Work to complete —
Leaving out every picture, copy the lines of the data exactly, from the first through the line containing "Answer: 4 What is".

Items listed in a dataset —
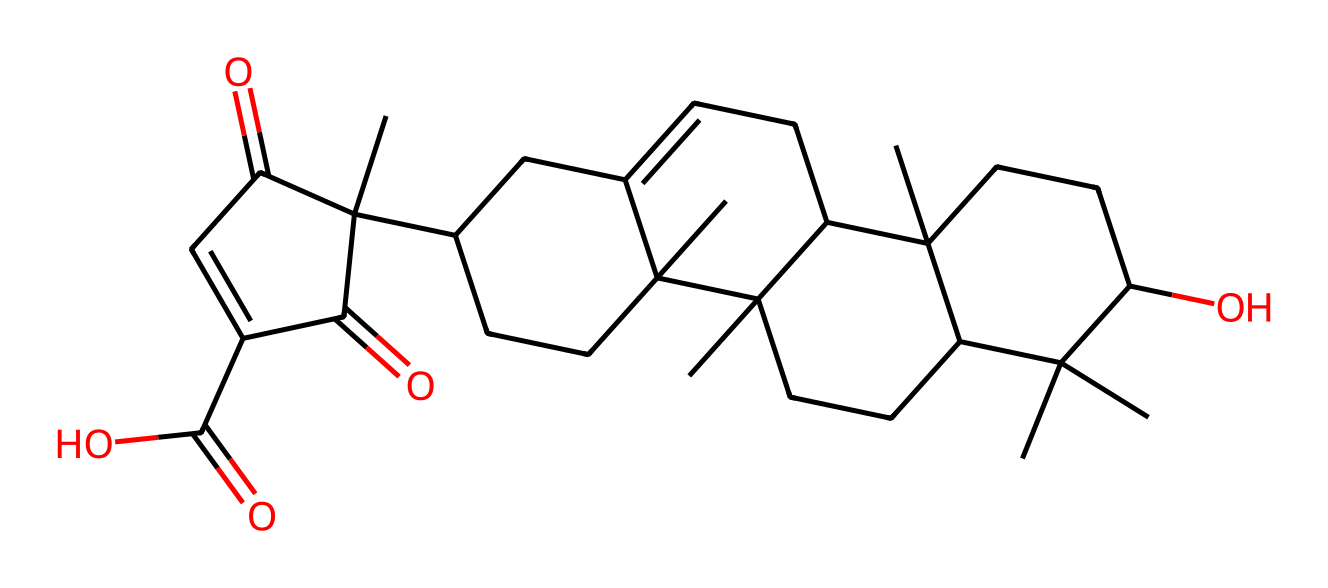What is the molecular formula of this compound? To determine the molecular formula, you need to count the types and numbers of atoms present in the structure represented by the SMILES notation. The chemical consists of carbon (C), hydrogen (H), and oxygen (O) atoms. Counting gives us C30, H50, and O4, leading us to the formula C30H50O4.
Answer: C30H50O4 How many rings are present in the structure? By analyzing the structure derived from the SMILES representation, we identify regions in the compound that form closed loops or cycles. This compound contains four distinct rings based on the connectivity of carbon atoms. Therefore, the final count gives us four rings in total.
Answer: 4 What is the functional group present in this compound? A functional group is a specific group of atoms that imparts distinct properties to a molecule. In this case, by examining the composition, we find that the compound contains a carboxylic acid functional group (due to the presence of C(=O)O) alongside rings and hydroxyl (-OH) groups. The presence of the carboxylic group makes it unique.
Answer: carboxylic acid Is this compound a saturated or unsaturated terpene? By evaluating the structure's bonding, we can distinguish between saturated and unsaturated compounds. Unsaturated compounds contain double bonds or rings, evident in this compound due to the presence of multiple carbon-carbon double bonds and rings. Thus, the compound is classified as unsaturated.
Answer: unsaturated How many stereocenters does this structure possess? A stereocenter is a carbon atom that has four different substituents attached. Analyzing the structure shows that there are several carbon atoms bonded to different groups. When counting, it is found that there are four stereocenters located in the arms of the molecule, leading to the identification of four such centers.
Answer: 4 What type of aromatic compound does frankincense belong to? Frankincense, represented by this chemical structure, falls under the category of terpenes, specifically boswellic acids due to its structure that is primarily composed of terpenoid skeletons known for their aromatic qualities. This chemical is identified as a sesquiterpene.
Answer: sesquiterpene 
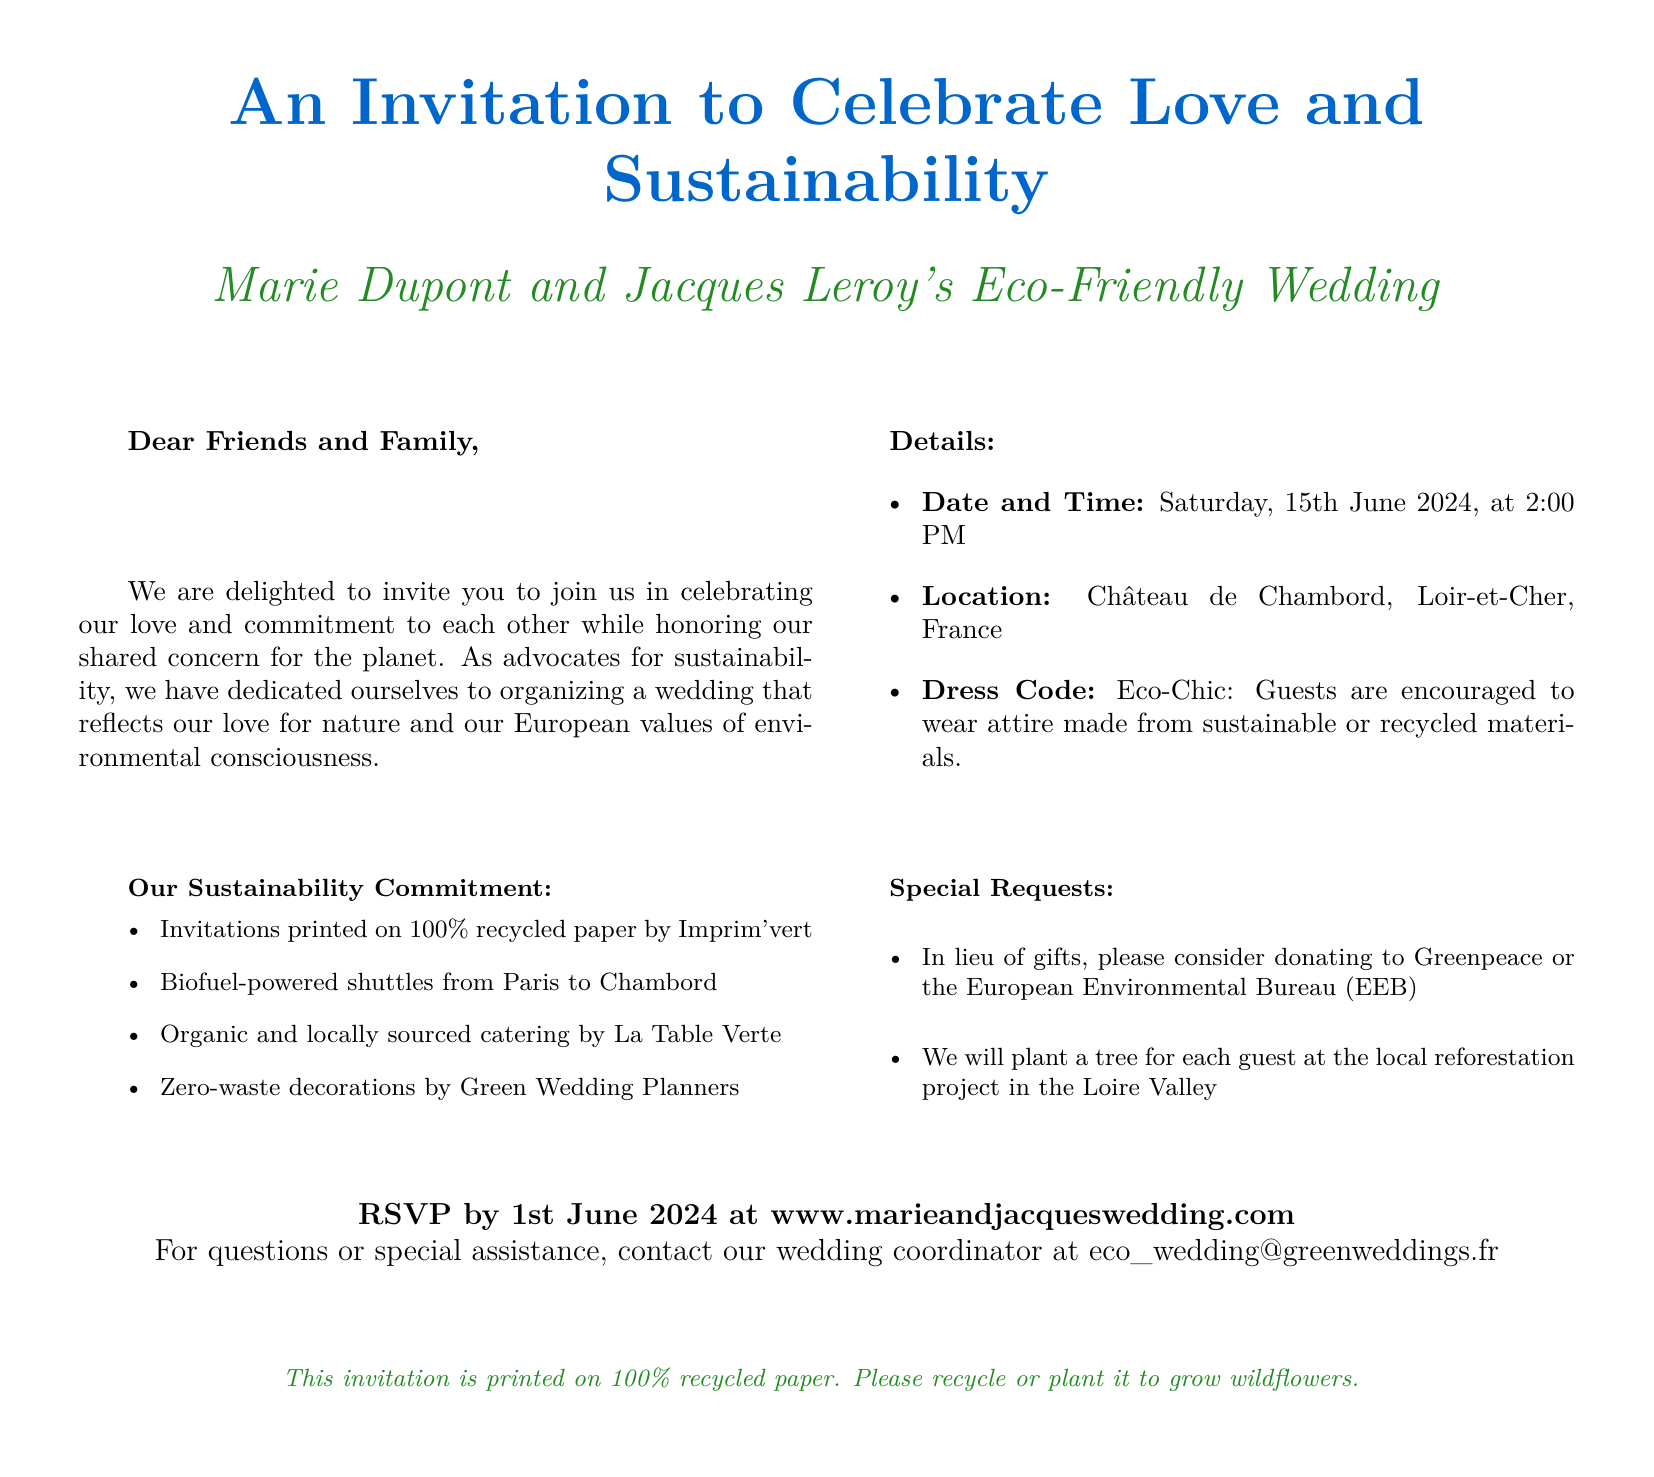What is the date of the wedding? The date of the wedding is specified in the invitation as Saturday, 15th June 2024.
Answer: 15th June 2024 Who are the couple getting married? The invitation mentions the names of the couple as Marie Dupont and Jacques Leroy.
Answer: Marie Dupont and Jacques Leroy What is the location of the wedding? The invitation details the location as Château de Chambord, Loir-et-Cher, France.
Answer: Château de Chambord What type of attire is encouraged for guests? The invitation specifies the dress code as Eco-Chic, encouraging sustainable or recycled attire.
Answer: Eco-Chic What is one method of transportation mentioned for guests? The wedding invitation states that biofuel-powered shuttles will be provided from Paris to Chambord.
Answer: Biofuel-powered shuttles What will the couple do for each guest in terms of environmental commitment? The document notes that a tree will be planted for each guest at a local reforestation project.
Answer: Plant a tree What is the RSVP deadline for the wedding? The invitation indicates that the RSVP should be completed by 1st June 2024.
Answer: 1st June 2024 What type of paper is used for the wedding invitations? The invitation states that the invitations are printed on 100% recycled paper.
Answer: 100% recycled paper Which organization is mentioned for donations in lieu of gifts? The couple requests donations to Greenpeace or the European Environmental Bureau (EEB).
Answer: Greenpeace or the European Environmental Bureau (EEB)

Solved problem —
What is the molecular formula of this compound? To determine the molecular formula, you need to count the types and numbers of atoms present in the structure represented by the SMILES notation. The chemical consists of carbon (C), hydrogen (H), and oxygen (O) atoms. Counting gives us C30, H50, and O4, leading us to the formula C30H50O4.
Answer: C30H50O4 How many rings are present in the structure? By analyzing the structure derived from the SMILES representation, we identify regions in the compound that form closed loops or cycles. This compound contains four distinct rings based on the connectivity of carbon atoms. Therefore, the final count gives us four rings in total.
Answer: 4 What is the functional group present in this compound? A functional group is a specific group of atoms that imparts distinct properties to a molecule. In this case, by examining the composition, we find that the compound contains a carboxylic acid functional group (due to the presence of C(=O)O) alongside rings and hydroxyl (-OH) groups. The presence of the carboxylic group makes it unique.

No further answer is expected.